▶ _Extracted data_:
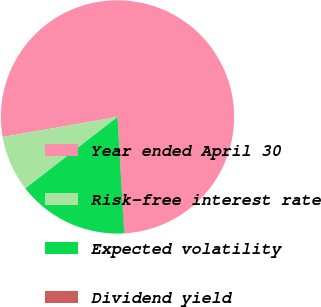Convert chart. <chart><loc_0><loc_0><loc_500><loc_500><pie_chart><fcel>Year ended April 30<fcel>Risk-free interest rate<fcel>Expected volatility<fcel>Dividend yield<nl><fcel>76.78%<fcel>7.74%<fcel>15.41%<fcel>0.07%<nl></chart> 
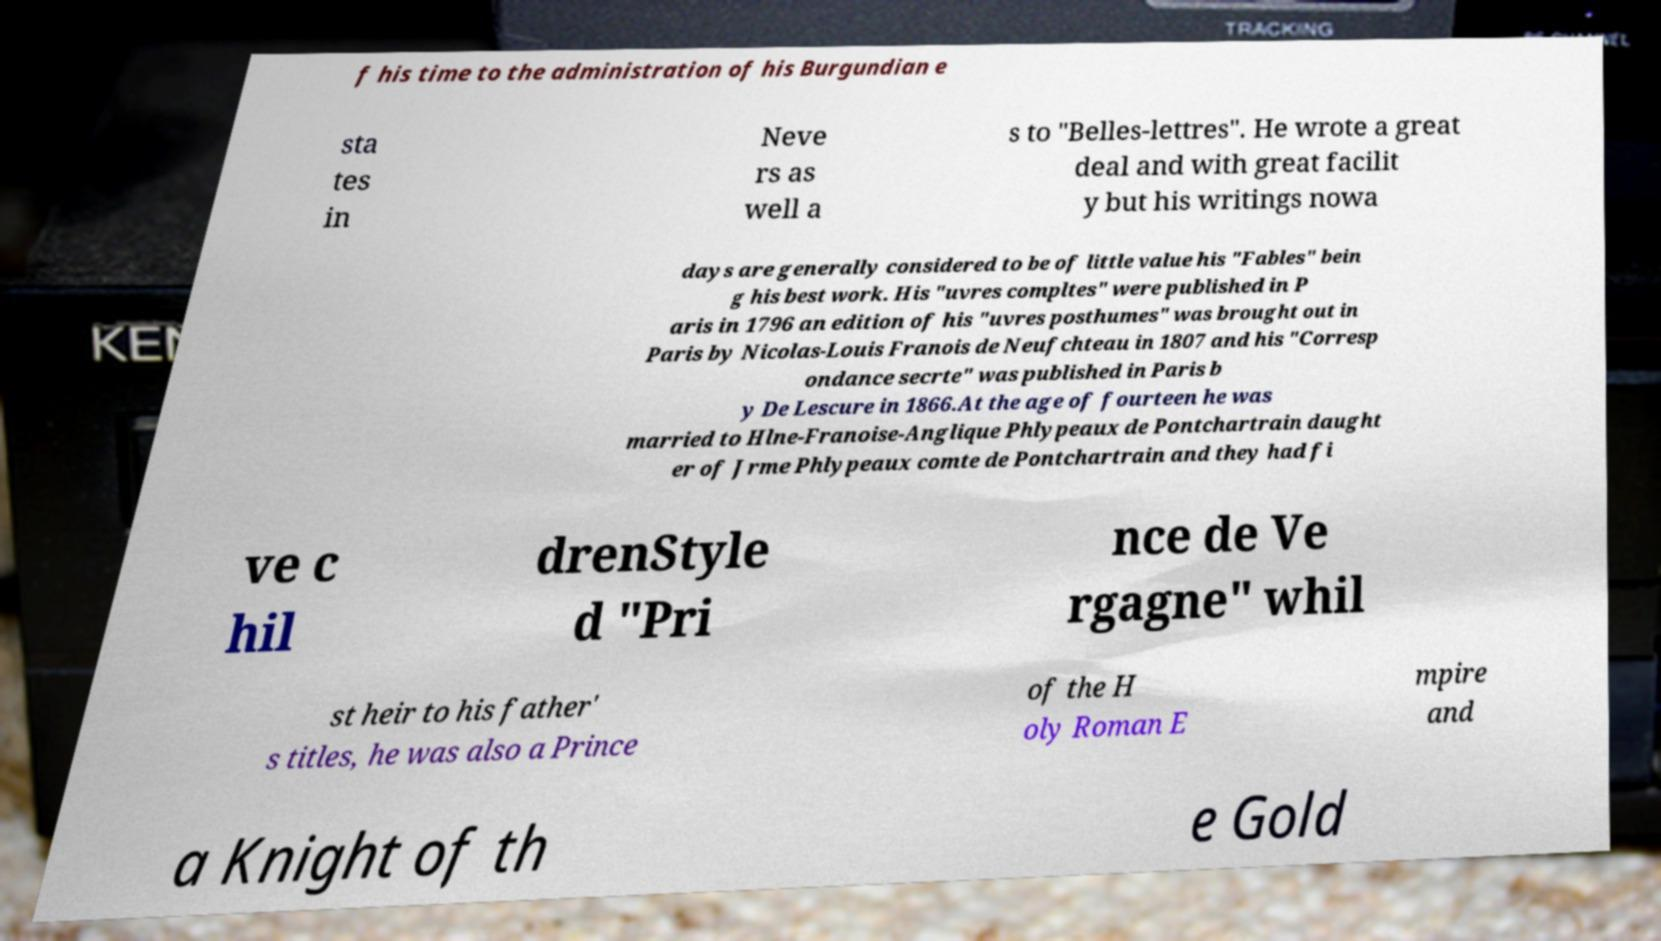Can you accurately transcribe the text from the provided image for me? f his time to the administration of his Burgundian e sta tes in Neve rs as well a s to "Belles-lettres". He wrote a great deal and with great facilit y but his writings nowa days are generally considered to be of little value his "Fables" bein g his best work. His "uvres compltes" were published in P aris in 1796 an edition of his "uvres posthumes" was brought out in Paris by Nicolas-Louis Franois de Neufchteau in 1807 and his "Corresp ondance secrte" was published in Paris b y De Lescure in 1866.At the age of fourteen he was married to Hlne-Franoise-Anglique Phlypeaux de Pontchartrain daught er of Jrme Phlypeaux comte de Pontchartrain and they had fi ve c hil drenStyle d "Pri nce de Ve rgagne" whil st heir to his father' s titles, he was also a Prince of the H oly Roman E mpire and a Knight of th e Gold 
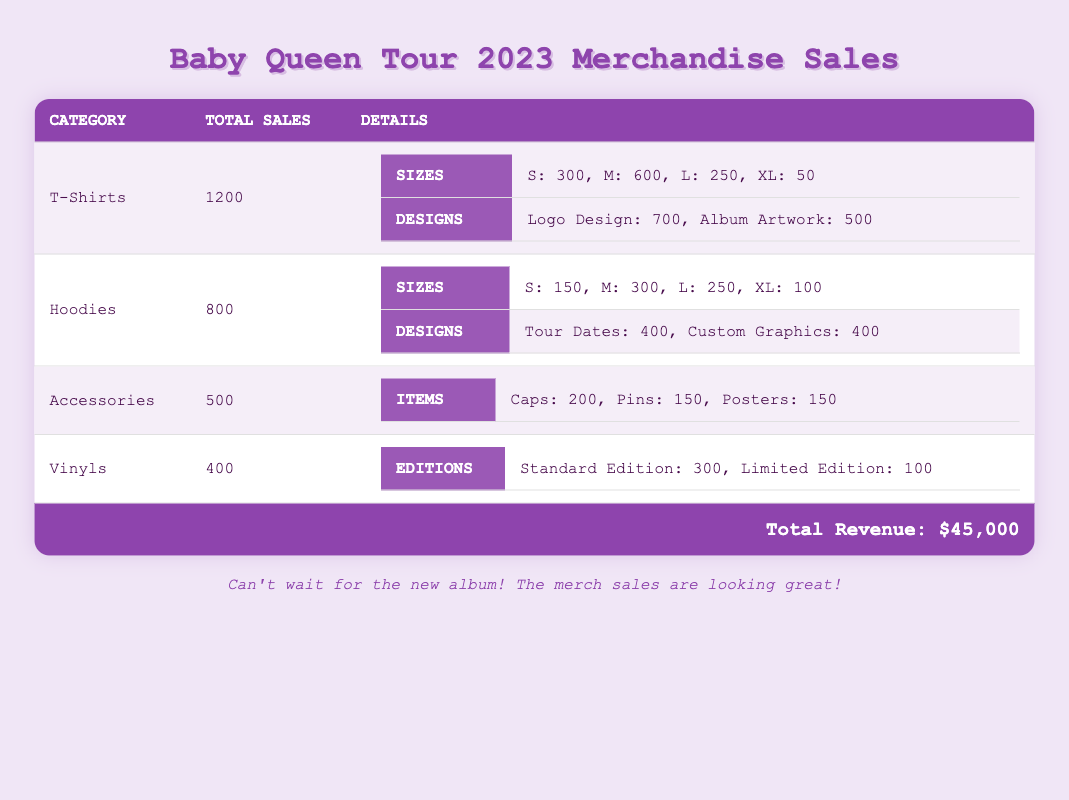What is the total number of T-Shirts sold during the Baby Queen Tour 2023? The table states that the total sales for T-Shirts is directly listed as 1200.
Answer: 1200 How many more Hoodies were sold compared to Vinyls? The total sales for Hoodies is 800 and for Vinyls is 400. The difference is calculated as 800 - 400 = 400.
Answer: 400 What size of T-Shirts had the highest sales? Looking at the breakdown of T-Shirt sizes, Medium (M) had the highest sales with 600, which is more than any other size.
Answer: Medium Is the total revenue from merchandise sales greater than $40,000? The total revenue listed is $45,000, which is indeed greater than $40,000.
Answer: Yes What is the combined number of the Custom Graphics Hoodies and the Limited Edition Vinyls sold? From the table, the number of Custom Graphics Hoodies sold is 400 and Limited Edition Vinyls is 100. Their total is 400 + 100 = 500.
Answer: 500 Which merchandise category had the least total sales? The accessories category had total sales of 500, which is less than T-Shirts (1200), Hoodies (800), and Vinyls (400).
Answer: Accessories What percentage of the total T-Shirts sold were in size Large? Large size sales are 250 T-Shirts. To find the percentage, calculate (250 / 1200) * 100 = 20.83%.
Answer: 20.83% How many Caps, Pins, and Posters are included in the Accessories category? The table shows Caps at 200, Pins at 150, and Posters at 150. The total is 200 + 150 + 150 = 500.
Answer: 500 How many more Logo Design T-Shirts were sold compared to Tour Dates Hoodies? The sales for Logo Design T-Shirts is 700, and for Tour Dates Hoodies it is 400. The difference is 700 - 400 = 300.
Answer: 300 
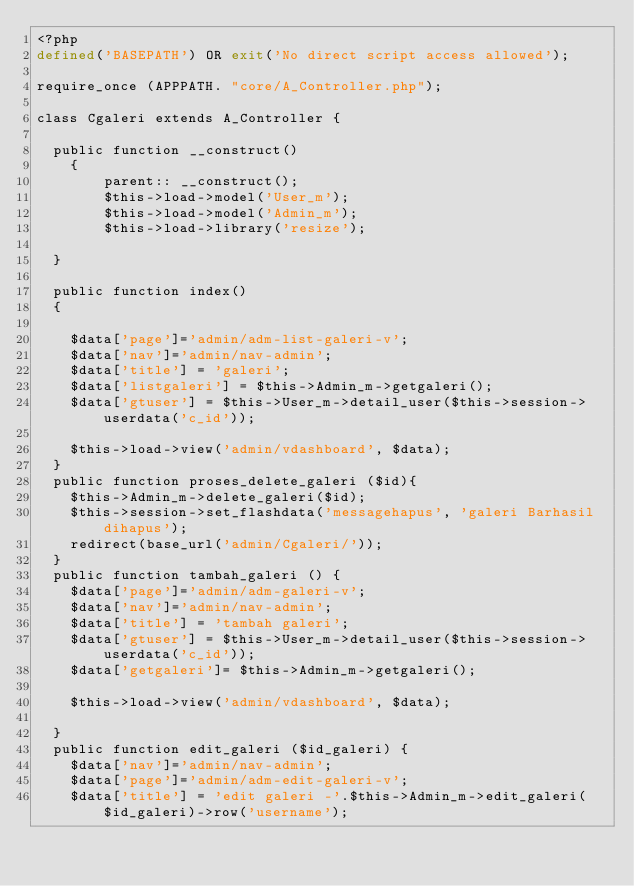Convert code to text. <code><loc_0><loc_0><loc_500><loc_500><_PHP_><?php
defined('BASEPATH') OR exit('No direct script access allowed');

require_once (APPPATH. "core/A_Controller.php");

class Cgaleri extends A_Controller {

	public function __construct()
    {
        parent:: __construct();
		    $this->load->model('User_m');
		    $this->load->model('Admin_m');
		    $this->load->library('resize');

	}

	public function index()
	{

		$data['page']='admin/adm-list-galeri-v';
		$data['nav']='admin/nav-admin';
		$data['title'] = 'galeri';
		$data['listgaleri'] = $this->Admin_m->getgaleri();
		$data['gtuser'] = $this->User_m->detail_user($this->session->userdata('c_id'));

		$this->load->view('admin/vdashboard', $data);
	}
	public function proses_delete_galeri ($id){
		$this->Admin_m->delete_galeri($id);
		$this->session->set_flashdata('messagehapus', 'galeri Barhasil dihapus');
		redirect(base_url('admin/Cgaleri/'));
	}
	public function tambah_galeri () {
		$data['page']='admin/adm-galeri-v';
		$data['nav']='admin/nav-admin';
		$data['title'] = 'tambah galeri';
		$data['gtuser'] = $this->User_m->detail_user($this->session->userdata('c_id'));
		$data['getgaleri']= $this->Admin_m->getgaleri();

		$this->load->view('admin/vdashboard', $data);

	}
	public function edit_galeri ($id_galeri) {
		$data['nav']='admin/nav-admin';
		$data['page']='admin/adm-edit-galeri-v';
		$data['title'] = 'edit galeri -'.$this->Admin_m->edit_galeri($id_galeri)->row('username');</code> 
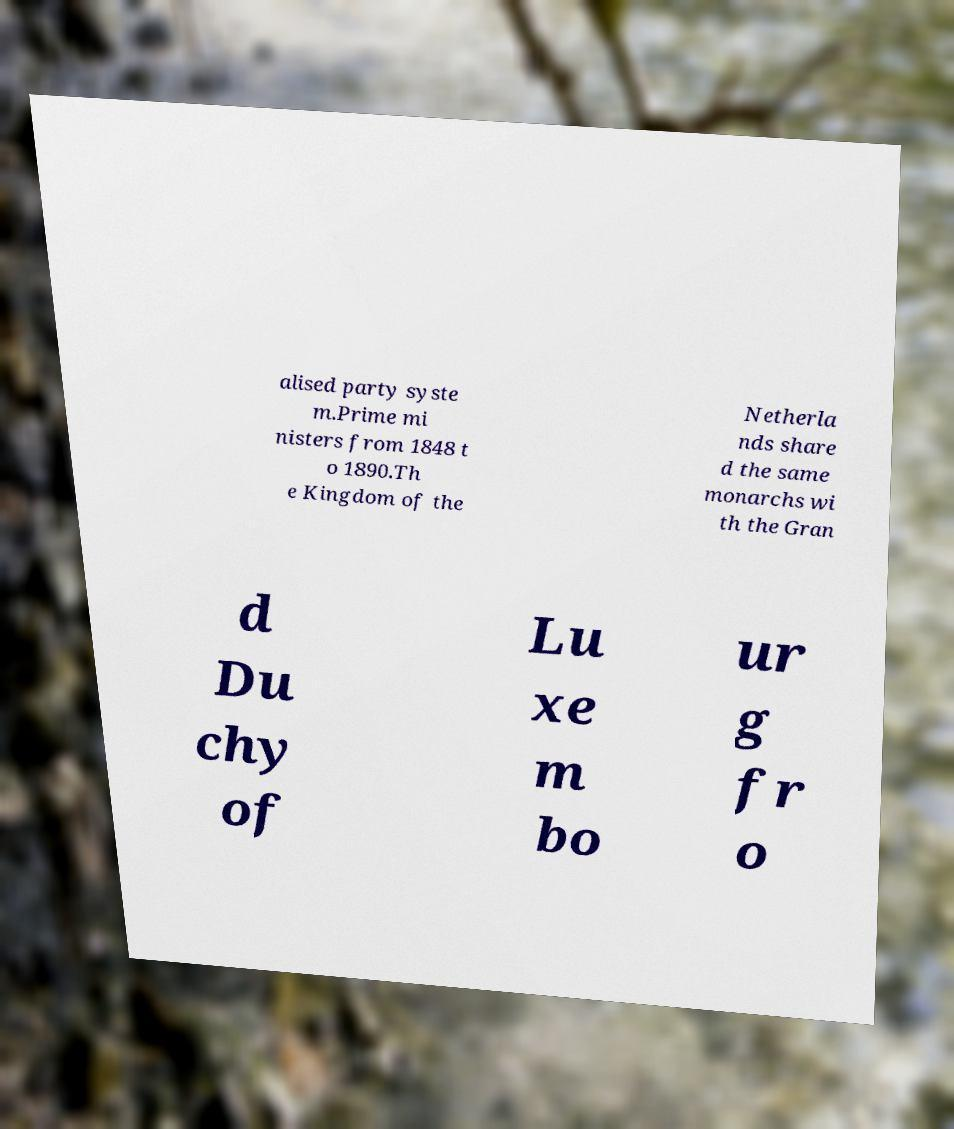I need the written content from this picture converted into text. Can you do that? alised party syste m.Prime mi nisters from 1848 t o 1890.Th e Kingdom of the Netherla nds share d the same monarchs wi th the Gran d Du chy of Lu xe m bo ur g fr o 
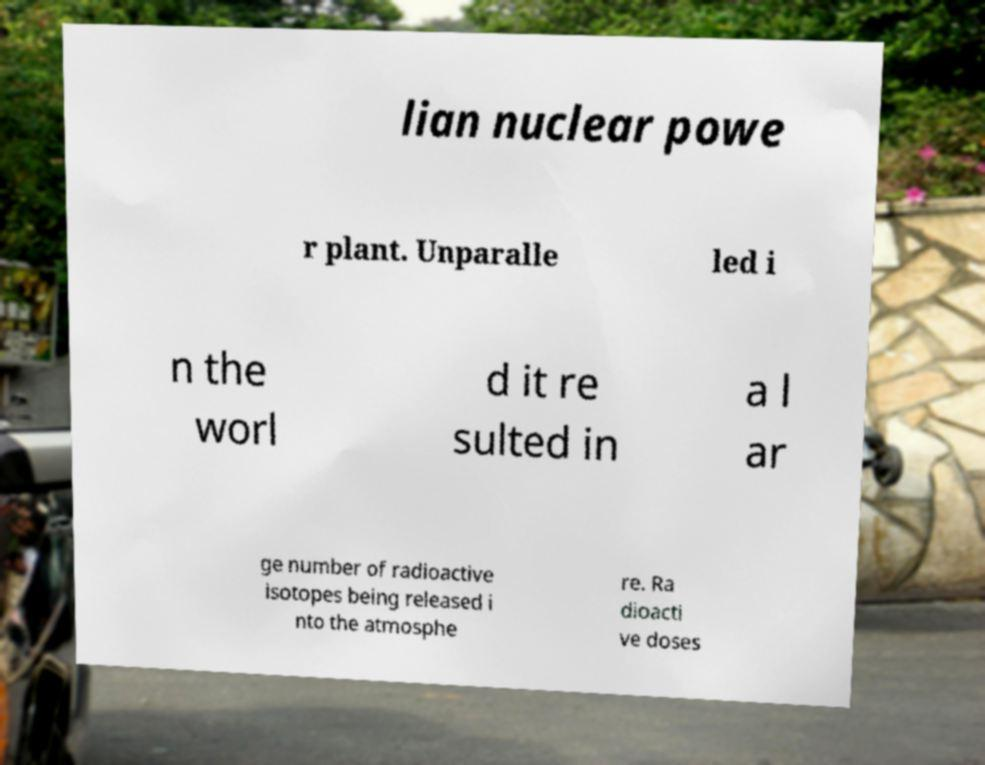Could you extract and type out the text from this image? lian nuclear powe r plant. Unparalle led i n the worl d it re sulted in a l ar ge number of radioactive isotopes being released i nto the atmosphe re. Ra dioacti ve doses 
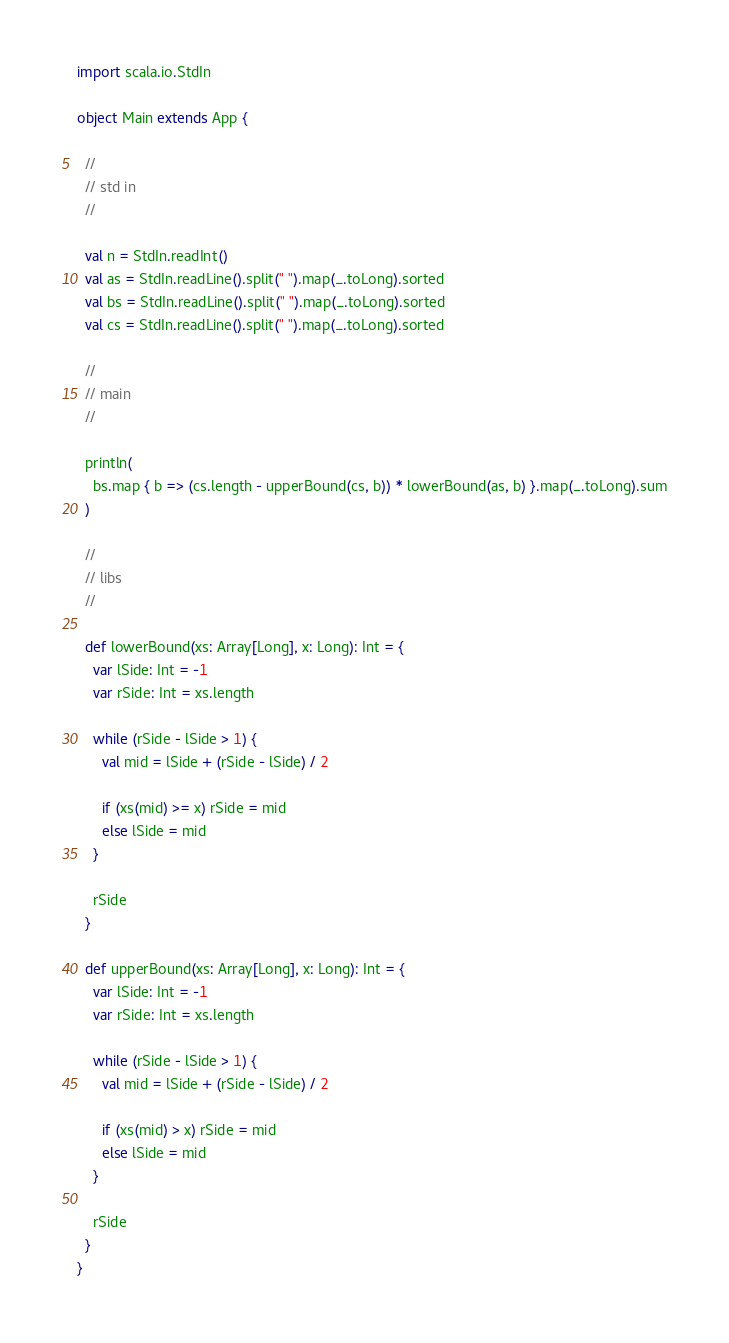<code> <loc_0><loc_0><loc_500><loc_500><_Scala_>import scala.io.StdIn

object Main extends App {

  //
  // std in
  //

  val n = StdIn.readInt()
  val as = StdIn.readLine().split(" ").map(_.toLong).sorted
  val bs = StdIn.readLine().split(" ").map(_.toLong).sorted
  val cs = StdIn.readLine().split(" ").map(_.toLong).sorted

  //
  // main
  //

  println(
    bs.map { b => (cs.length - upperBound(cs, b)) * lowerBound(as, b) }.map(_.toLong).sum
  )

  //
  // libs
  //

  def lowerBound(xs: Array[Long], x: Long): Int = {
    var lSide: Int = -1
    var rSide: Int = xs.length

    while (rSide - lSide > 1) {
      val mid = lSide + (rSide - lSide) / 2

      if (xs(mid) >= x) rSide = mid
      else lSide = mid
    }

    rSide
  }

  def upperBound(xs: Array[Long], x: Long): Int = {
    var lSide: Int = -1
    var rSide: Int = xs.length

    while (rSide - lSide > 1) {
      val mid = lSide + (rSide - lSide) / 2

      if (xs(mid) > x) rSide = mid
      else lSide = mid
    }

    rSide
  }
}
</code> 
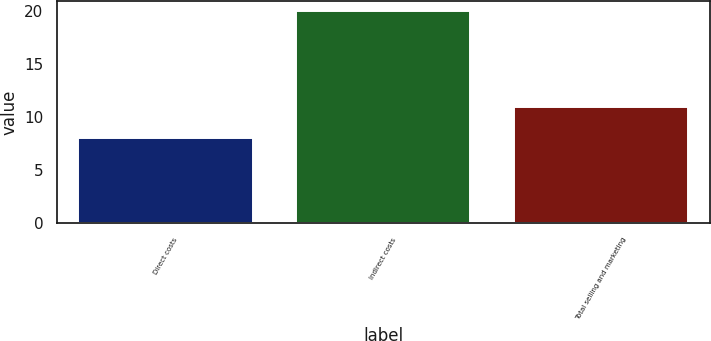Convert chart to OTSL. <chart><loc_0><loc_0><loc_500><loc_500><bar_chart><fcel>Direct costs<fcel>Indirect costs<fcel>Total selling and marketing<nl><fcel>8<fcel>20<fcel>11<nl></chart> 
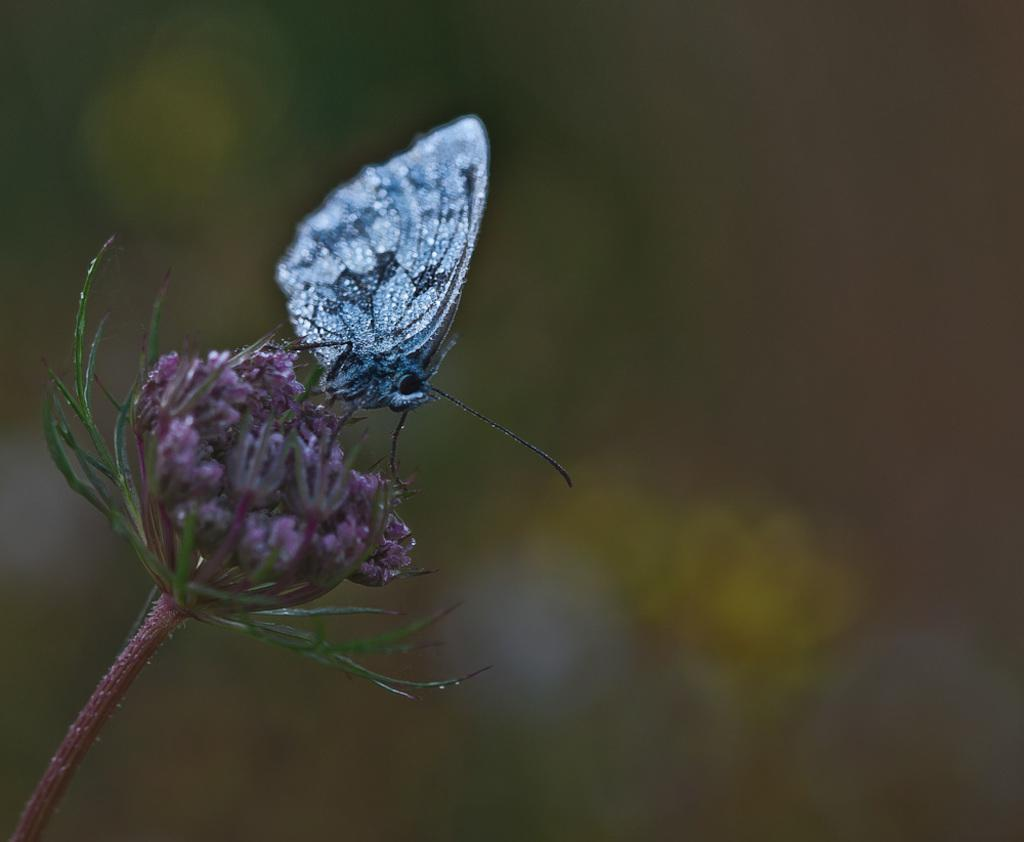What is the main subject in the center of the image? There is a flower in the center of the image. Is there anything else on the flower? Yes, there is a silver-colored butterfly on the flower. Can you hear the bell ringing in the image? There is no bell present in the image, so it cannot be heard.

▶ _Task prompt_:
Show every line of the records above that contains the word "Medium".

▶ _Response area_:
Answer: 400 What size of T-Shirts had the highest sales? Looking at the breakdown of T-Shirt sizes, Medium (M) had the highest sales with 600, which is more than any other size.
Answer: Medium Is the total revenue from merchandise sales greater than $40,000? The total revenue listed is $45,000, which is indeed greater than $40,000.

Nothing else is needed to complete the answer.